Eve dipped her head, fixing Shepard with her perceptive stare. “What about you, Commander?"

Shepard met her eyes fearlessly, but with something else - loss, perhaps.

"I’m a fucking legend. The saviour of the galaxy. The Butcher of Torfan.The scourge of the Reapers. I’ve died and been resurrected. I’m the first human SPECTRE. Until I was 18 I could barely read or write and then I joined the Alliance and they hammered it into me until I could recite the fucking Canterbury Tales. I still mix up _i_ before _e_. I command a ship worth over a trillion credits, with seventeen-eighty five staff, not including AIs. So in answer to your question, yes, I am bone-crunchingly lonely, and I have a sucking void where my heart should be, and I masturbate to get to sleep at night and wake up with shit in my eyes because I cried in my sleep. And then I get up and get back to work."

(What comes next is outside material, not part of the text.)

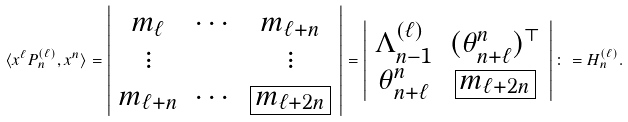Convert formula to latex. <formula><loc_0><loc_0><loc_500><loc_500>\langle x ^ { \ell } P _ { n } ^ { ( \ell ) } , x ^ { n } \rangle = \left | \begin{array} { c c c } m _ { \ell } & \cdots & m _ { \ell + n } \\ \vdots & & \vdots \\ m _ { \ell + n } & \cdots & \boxed { m _ { \ell + 2 n } } \end{array} \right | = \left | \begin{array} { c c } \Lambda ^ { ( \ell ) } _ { n - 1 } & ( \theta _ { n + \ell } ^ { n } ) ^ { \top } \\ \theta _ { n + \ell } ^ { n } & \boxed { m _ { \ell + 2 n } } \end{array} \right | \colon = H _ { n } ^ { ( \ell ) } .</formula>

Shepard stopped and gasped for breath. She hadn’t meant to vent like that, especially not to a spiritual leader of a people who’d had their fertility decimated and who had herself undergone starvation and burial to prepare for her religious journey.

The giant krogan held out her arms. “C’mere, lil’ pyjak. Bleed your soul."

Sighing heavily, Shepard threw herself into the shaman’s arms, thrilling at Eve’s comforting embrace.


End file.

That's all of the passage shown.